To illustrate these claims, we implement a recently published training method that is not currently included in cdec. We choose Bazrafshan et al. (2012), a simple extension to PRO (Hopkins and May 2011) which uses linear regression instead of a binary classifier to rank sampled training pairs (briefly: the model is trained to predict the difference in sentence level BLEU scores based on a difference in feature vectors).
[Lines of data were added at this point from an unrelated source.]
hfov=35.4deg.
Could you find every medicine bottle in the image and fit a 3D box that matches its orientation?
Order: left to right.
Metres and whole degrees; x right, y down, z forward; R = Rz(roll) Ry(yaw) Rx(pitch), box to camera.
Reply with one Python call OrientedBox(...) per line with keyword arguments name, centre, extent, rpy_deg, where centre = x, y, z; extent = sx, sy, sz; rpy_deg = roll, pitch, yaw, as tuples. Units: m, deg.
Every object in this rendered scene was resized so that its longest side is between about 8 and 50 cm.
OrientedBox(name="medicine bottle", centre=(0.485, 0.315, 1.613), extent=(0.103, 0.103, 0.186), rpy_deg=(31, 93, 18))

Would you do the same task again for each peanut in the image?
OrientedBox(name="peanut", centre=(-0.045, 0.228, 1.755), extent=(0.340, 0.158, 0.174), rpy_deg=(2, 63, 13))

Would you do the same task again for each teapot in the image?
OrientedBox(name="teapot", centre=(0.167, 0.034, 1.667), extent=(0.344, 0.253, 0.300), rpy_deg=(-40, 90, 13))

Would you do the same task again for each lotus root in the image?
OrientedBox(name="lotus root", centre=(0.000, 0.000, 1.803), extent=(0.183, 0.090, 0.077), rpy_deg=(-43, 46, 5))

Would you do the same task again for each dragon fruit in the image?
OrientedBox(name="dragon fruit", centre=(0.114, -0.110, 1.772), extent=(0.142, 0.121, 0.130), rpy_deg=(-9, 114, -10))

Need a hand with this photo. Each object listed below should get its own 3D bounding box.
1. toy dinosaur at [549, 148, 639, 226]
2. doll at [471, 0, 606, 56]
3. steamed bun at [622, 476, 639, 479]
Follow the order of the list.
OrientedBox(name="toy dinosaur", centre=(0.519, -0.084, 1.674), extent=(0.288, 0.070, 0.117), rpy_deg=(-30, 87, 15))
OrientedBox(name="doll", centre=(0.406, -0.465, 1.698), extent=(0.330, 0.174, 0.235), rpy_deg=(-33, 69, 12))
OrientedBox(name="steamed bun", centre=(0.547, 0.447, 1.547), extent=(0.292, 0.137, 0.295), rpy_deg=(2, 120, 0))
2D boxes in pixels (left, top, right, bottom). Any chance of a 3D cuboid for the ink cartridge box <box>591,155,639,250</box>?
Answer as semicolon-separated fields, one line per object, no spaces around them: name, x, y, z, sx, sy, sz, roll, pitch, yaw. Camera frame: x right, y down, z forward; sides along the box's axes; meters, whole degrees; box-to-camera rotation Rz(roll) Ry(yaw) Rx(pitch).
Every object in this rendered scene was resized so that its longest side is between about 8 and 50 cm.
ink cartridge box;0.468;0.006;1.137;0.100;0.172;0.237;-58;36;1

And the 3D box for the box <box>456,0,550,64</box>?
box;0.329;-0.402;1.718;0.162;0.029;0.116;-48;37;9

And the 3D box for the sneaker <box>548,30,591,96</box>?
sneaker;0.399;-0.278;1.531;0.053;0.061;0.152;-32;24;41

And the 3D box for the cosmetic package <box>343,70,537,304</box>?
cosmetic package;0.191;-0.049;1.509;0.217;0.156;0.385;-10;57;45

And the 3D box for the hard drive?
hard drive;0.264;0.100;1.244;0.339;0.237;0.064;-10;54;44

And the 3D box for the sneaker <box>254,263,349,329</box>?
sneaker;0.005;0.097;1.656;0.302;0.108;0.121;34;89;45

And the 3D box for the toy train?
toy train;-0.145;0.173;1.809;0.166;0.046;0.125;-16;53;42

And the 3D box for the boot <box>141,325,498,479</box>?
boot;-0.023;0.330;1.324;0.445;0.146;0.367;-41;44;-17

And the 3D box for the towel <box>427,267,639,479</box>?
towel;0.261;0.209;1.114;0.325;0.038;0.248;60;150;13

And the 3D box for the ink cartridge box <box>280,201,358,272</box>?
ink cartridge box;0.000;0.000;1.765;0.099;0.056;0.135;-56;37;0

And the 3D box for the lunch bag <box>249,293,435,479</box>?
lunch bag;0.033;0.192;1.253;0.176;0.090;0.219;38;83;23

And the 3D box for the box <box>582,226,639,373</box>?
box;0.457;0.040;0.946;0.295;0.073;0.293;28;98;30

The complete Python code is given below:

decoder = cdec.Decoder(...)

def get_pairs(source, reference):
    hg = decoder.translate(source)
    # 1. Generate a list containing the k best translations
    cs = cdec.score.BLEU(reference).candidate_set()
    cs.add_kbest(hg, K)
    # 2. Use the uniform distribution to sample n random pairs
    # from the set of candidate translations
    pairs = []
    for _ in range(n_samples):
        ci = cs[random.randint(0, len(cs) - 1)]
        cj = cs[random.randint(0, len(cs) - 1)]
        # 3. Keep a pair of candidates if the difference between their score
        # is bigger than a threshold t
        if abs(ci.score - cj.score) < score_threshold: continue
        pairs.append((ci.fmap - cj.fmap, ci.score - cj.score))
    # 4. From the potential pairs kept in the previous step,
    # keep the s pairs that have the highest score
    for x, y in heapq.nlargest(n_pairs, pairs, key=lambda xy: abs(xy[1])):
        # 5. For each pair kept in step 4, make two data points
        yield x, y
        yield -1 * x, -1 * y

# The DictVectorizer converts dictionaries into sparse vectors
vectorizer = sklearn.feature_extraction.DictVectorizer()
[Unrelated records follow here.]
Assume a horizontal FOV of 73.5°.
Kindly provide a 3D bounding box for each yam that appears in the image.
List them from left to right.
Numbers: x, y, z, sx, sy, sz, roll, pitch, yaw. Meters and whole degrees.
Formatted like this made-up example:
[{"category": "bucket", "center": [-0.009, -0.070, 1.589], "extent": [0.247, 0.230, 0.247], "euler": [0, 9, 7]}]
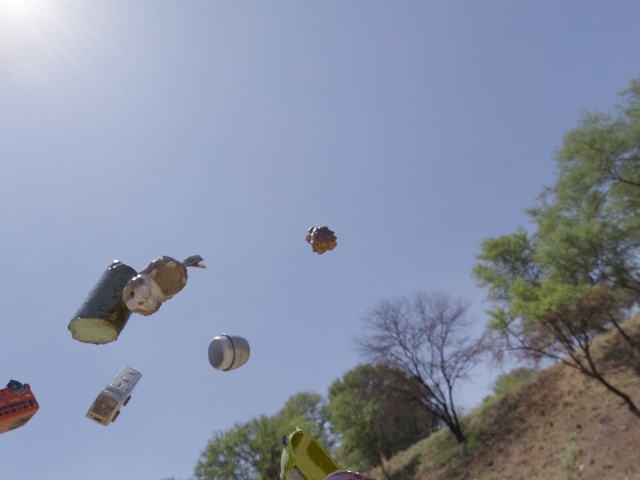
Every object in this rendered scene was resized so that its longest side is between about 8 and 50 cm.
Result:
[{"category": "yam", "center": [-0.719, 0.206, 1.479], "extent": [0.168, 0.304, 0.167], "euler": [4, -50, 5]}]

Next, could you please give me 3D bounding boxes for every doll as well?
[{"category": "doll", "center": [-0.406, 0.098, 1.106], "extent": [0.221, 0.115, 0.105], "euler": [-45, -71, -26]}]

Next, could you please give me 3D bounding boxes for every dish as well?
[{"category": "dish", "center": [-0.032, 0.671, 1.205], "extent": [0.108, 0.262, 0.221], "euler": [-45, -18, 2]}]

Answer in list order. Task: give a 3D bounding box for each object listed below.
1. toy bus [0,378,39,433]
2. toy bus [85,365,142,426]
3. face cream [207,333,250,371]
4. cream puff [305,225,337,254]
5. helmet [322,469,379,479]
[{"category": "toy bus", "center": [-1.161, 0.600, 1.460], "extent": [0.143, 0.153, 0.329], "euler": [-46, -16, 6]}, {"category": "toy bus", "center": [-0.676, 0.509, 1.421], "extent": [0.092, 0.268, 0.106], "euler": [30, -92, -8]}, {"category": "face cream", "center": [-0.292, 0.356, 1.366], "extent": [0.104, 0.117, 0.117], "euler": [7, -47, -48]}, {"category": "cream puff", "center": [0.000, 0.000, 1.643], "extent": [0.122, 0.116, 0.094], "euler": [38, -41, -5]}, {"category": "helmet", "center": [0.068, 0.574, 0.651], "extent": [0.230, 0.337, 0.385], "euler": [-38, -8, -47]}]
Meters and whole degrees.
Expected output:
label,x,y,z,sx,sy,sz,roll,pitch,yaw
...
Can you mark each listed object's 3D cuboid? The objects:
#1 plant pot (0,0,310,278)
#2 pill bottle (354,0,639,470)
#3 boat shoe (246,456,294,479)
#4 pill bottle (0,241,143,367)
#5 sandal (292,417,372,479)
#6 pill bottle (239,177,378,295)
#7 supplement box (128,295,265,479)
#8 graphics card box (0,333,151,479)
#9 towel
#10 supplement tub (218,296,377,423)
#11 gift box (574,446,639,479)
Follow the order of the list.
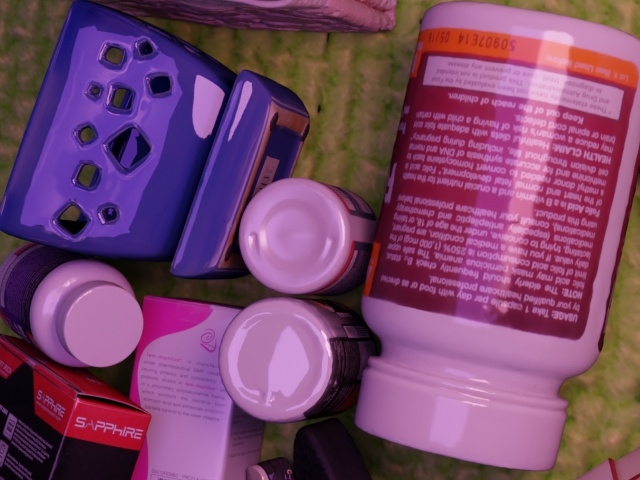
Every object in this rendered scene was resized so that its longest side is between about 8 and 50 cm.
label,x,y,z,sx,sy,sz,roll,pitch,yaw
plant pot,-0.146,-0.080,1.612,0.212,0.236,0.236,20,92,11
pill bottle,0.162,-0.003,1.514,0.224,0.224,0.392,12,90,17
boat shoe,-0.039,0.280,1.645,0.049,0.042,0.133,10,112,55
pill bottle,-0.246,0.065,1.642,0.108,0.193,0.108,-5,102,-26
sandal,0.096,0.337,1.495,0.107,0.167,0.445,-12,51,-18
pill bottle,0.000,0.000,1.584,0.108,0.180,0.108,-1,86,17
supplement box,-0.121,0.170,1.647,0.111,0.114,0.220,9,91,18
graphics card box,-0.303,0.300,1.643,0.233,0.094,0.371,21,93,57
towel,-0.124,-0.238,1.564,0.332,0.317,0.053,8,94,17
supplement tub,-0.014,0.112,1.577,0.117,0.190,0.117,-1,86,16
gift box,0.364,0.287,1.430,0.258,0.276,0.255,-33,91,9
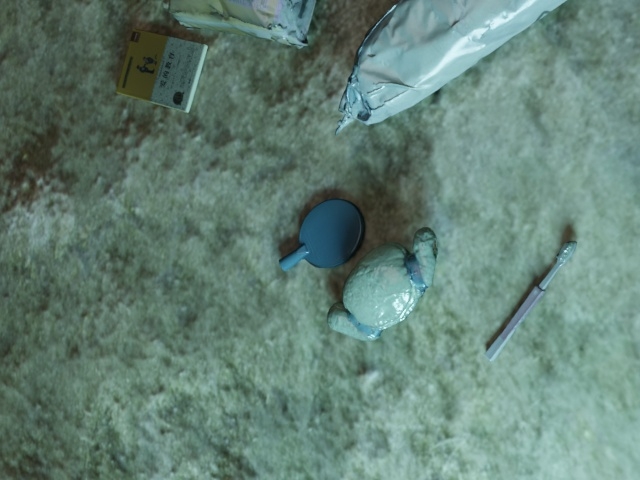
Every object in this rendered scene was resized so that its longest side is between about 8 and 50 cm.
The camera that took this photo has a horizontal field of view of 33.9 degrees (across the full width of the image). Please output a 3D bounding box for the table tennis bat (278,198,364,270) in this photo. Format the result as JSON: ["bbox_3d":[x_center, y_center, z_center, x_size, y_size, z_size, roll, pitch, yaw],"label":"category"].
[{"bbox_3d":[0.000,0.000,1.563,0.155,0.019,0.100,-35,67,24],"label":"table tennis bat"}]

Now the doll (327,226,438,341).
[{"bbox_3d":[0.088,0.066,1.463,0.214,0.071,0.103,-45,61,25],"label":"doll"}]

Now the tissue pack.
[{"bbox_3d":[-0.118,-0.425,1.628,0.257,0.123,0.215,18,93,33],"label":"tissue pack"}]

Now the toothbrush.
[{"bbox_3d":[0.275,0.079,1.372,0.014,0.017,0.194,45,111,35],"label":"toothbrush"}]

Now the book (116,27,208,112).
[{"bbox_3d":[-0.271,-0.289,1.779,0.172,0.012,0.118,18,94,34],"label":"book"}]

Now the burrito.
[{"bbox_3d":[0.169,-0.292,1.432,0.445,0.101,0.139,-35,82,26],"label":"burrito"}]
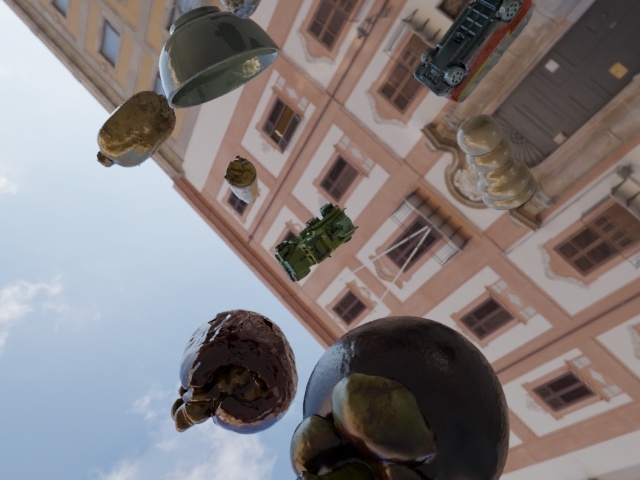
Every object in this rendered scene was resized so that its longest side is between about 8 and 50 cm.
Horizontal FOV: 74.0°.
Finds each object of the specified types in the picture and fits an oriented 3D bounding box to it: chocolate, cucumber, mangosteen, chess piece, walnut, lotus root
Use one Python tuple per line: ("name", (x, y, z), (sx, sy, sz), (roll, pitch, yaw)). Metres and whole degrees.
("chocolate", (-0.201, -0.142, 1.136), (0.086, 0.219, 0.085), (1, -102, -3))
("cucumber", (-0.099, -0.381, 0.603), (0.064, 0.112, 0.064), (26, -143, -21))
("mangosteen", (0.062, 0.169, 0.376), (0.194, 0.194, 0.231), (48, -153, 13))
("chess piece", (0.436, -0.206, 1.069), (0.261, 0.143, 0.142), (47, -148, -34))
("walnut", (-0.168, 0.246, 0.774), (0.244, 0.269, 0.221), (-28, -93, -6))
("lotus root", (-0.557, -0.322, 1.274), (0.160, 0.284, 0.146), (48, -172, -32))

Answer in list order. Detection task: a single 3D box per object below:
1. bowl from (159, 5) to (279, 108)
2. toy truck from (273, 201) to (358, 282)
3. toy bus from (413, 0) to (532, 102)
("bowl", (-0.253, -0.435, 0.976), (0.289, 0.290, 0.146), (-40, -75, -49))
("toy truck", (-0.004, 0.002, 1.228), (0.260, 0.135, 0.128), (-38, -75, -18))
("toy bus", (0.338, -0.434, 0.923), (0.120, 0.265, 0.121), (12, -144, -42))
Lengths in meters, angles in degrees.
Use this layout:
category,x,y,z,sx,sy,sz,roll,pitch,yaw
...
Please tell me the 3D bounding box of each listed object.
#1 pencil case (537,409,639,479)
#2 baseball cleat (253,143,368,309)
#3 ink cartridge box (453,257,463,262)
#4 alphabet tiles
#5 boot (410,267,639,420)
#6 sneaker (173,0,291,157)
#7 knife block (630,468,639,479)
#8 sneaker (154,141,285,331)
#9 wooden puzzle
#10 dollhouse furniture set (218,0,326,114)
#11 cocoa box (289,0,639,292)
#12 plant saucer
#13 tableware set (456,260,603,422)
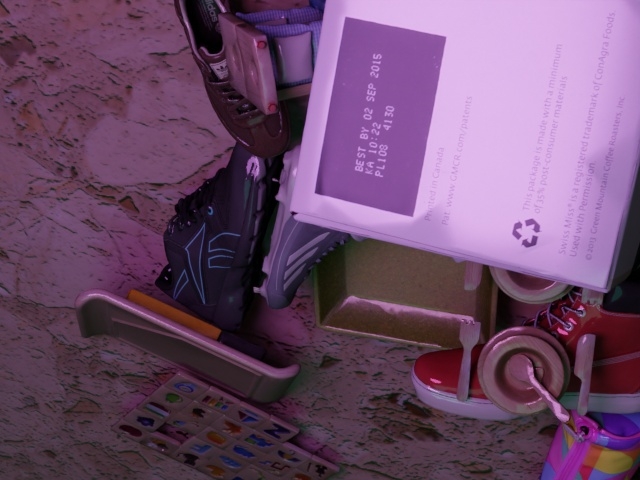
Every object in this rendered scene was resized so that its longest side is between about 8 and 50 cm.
category,x,y,z,sx,sy,sz,roll,pitch,yaw
pencil case,0.279,0.235,1.552,0.104,0.104,0.236,16,135,6
baseball cleat,0.000,0.000,1.390,0.109,0.072,0.206,12,139,1
ink cartridge box,0.135,-0.097,1.270,0.127,0.128,0.176,-19,122,34
alphabet tiles,-0.105,0.238,1.734,0.237,0.009,0.198,28,143,-17
boot,0.209,0.080,1.408,0.244,0.088,0.176,-2,124,-5
sneaker,-0.085,-0.151,1.308,0.066,0.071,0.188,-21,106,16
knife block,0.364,0.284,1.572,0.242,0.088,0.275,-10,128,28
sneaker,-0.104,-0.010,1.465,0.106,0.101,0.267,21,135,4
wooden puzzle,-0.142,0.110,1.584,0.239,0.044,0.221,20,166,-2
dollhouse furniture set,-0.015,-0.214,1.199,0.129,0.129,0.183,-15,111,-13
cocoa box,0.148,-0.168,1.010,0.231,0.228,0.347,15,103,20
plant saucer,0.087,0.024,1.462,0.188,0.045,0.188,9,135,13
tableware set,0.192,0.070,1.352,0.128,0.039,0.194,5,100,10

for _ in range(n_iterations):
    # Collect training pairs
    X, g = [], []
    for source, reference in zip(sources, references):
        for x, y in get_pairs(source, reference):
            X.append(dict(x))
            g.append(y)
    # Train a linear regression model
    model = sklearn.linear_model.LinearRegression()
    X = vectorizer.fit_transform(X)
    model.fit(X, g)
    # Update weights with the learned model
    for fname, fval in zip(vectorizer.feature_names_, model.coef_):
        decoder.weights[fname] = (alpha * fval +
                (1 - alpha) * decoder.weights[fname])

Conclusion

We have presented pycdec, a high-level Python interface to the fast cdec decoder. We illustrated how such an interface allows effortless development of visualizations, training algorithms and applications using machine translation. We hope that the release of our tool will encourage further creative uses of finite-state and context-free methods for machine translation and related applications.

Acknowledgments

This research is supported by the U. S. Army Research Laboratory and the U. S. Army Research Office under contract/grant number W911NF-10-1-0533.